Rev. Rul. 78-279
Rev. Rul. 78-279; 1978-2 C.B. 135
- Cross-Reference
26 CFR 1.337-1: General.
(Also Section 61; 1.61-1.)
- Code Sections
- LanguageEnglish
- Tax Analysts Electronic Citationnot available
Advice has been requested regarding the effect of the decision of the Supreme Court of the United States in Nash v. United States, 398 U.S. 1 (1970), 1970-1 C.B. 72, in the situations described below.
In each situation, (i) the shareholders of the corporation adopt a plan of complete liquidation under section 337 of the Internal Revenue Code of 1954; (ii) within the 12-month period beginning on the date of the adoption of such plan the corporation sells its accounts receivable for 95x dollars; (iii) prior to the sale the corporation used the accrual method of accounting under section 446(c) and the reserve method of treating bad debts under section 166(c); and (iv) all additions to the reserve for bad debts in prior years resulted in tax benefits.
Situation 1. The corporation had accounts receivable with a face amount of 100x dollars and a reserve for bad debts of 5x dollars.

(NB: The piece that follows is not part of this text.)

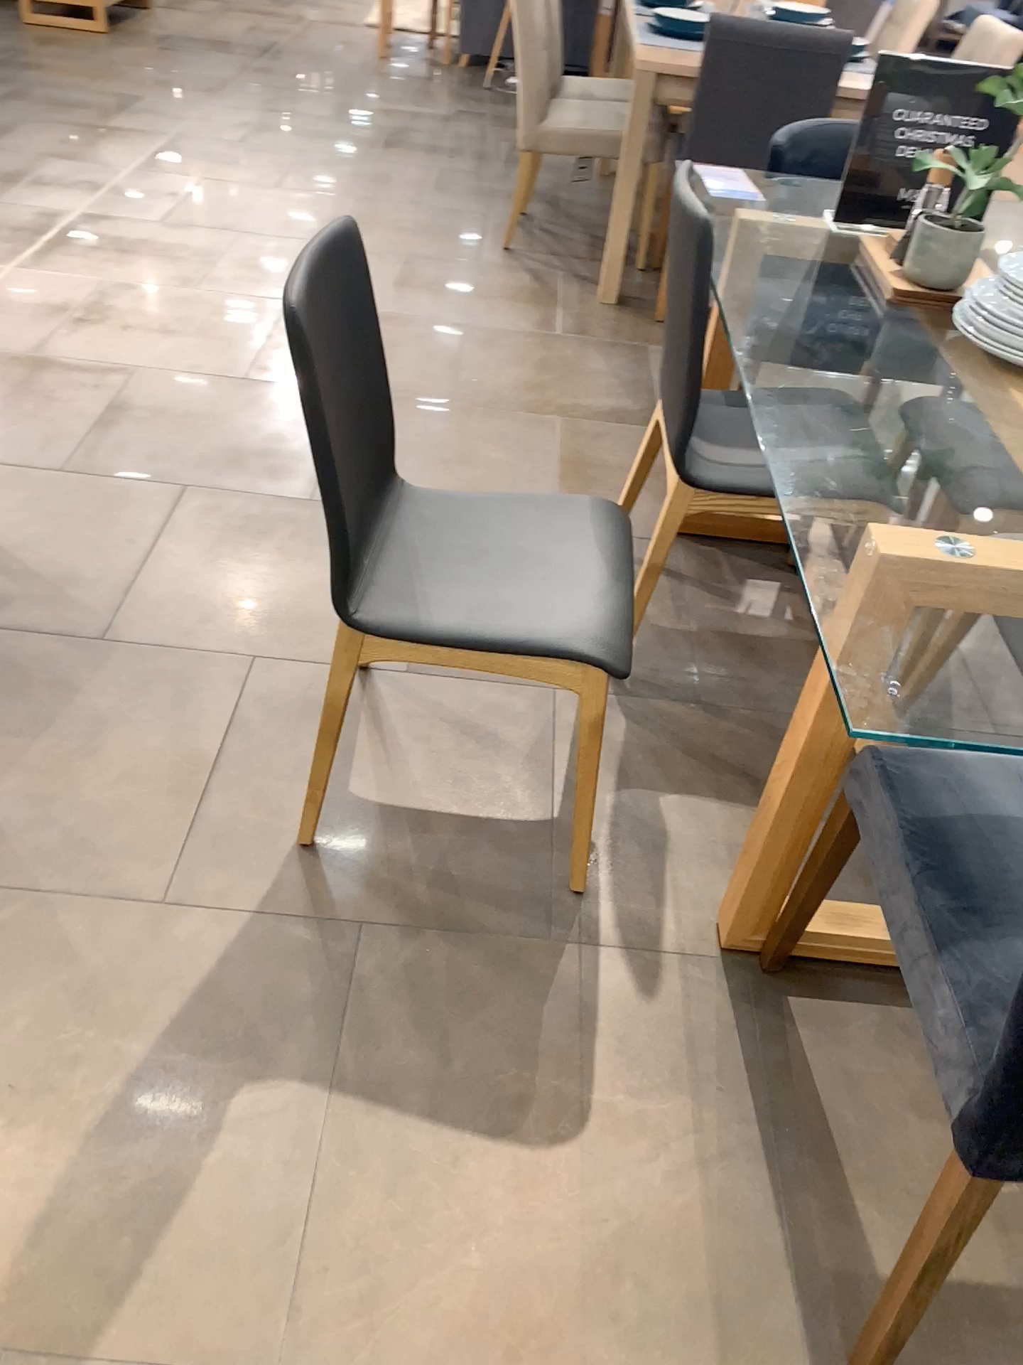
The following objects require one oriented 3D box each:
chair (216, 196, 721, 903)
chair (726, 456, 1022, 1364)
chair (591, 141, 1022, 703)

Situation 2. The corporation had accounts receivable with a face amount of 100x dollars and a reserve for bad debts of 7x dollars.
The question in each situation is the extent to which the balance in the corporation's reserve for bad debts is includible in the corporation's gross income.
Section 337 of the Code provides that, in general, no gain or loss is recognized to a corporation on a sale or exchange in connection with a liquidation to which section 337 applies.
In Rev. Rul. 57-482, 1957-2 C.B. 49, a corporation sold its accounts receivable at face value pursuant to a plan of complete liquidation governed by section 337 of the Code. Rev. Rul. 57-482 holds that the entire reserve for bad debts is ordinary income to the corporation in its final Federal income tax return because the need for maintaining the reserve ceased when the taxpayer disposed of the accounts receivable.
However, as Rev. Rul. 78-280, page 139, this Bulletin, notes, the decision in Nash holds that, where the consideration received in exchange for the transfer of accounts receivable by a taxpayer using the accrual method of accounting is equal to the net value of accounts receivable (the face amount of the receivables previously included in income less the amount of the reserve for bad debts), there is no recovery within the meaning of the tax benefit cases. See Estate of Schmidt v. Commissioner, 355 F.2d 111 (9th Cir. 1966); Estate of Block v. Commissioner, 39 B.T.A. 338 (1939), aff'd sub nom. Union Trust Co. of Indianapolis v. Commissioner, 111 F.2d 60 (7th Cir. 1940), cert. denied, 311 U.S. (1940), and the cases cited therein; and Tennessee Carolina Transportation, Inc. v. Commissioner, 65 T.C. 440 (1975), 582 F.2d 378 (6th Cir. 1978). The Court in Nash agreed with the decision of the United States Court of Appeals for the Ninth Circuit in Schmidt, wherein the Schmidt Court stated, in part, "We think that whether the sale be for cash or stock, no income is received, unless the consideration received exceeds the net amount of the receivables." It is consistent with the Nash and Schmidt decisions to find a recovery where the consideration received for the accounts receivable is in excess of their net value.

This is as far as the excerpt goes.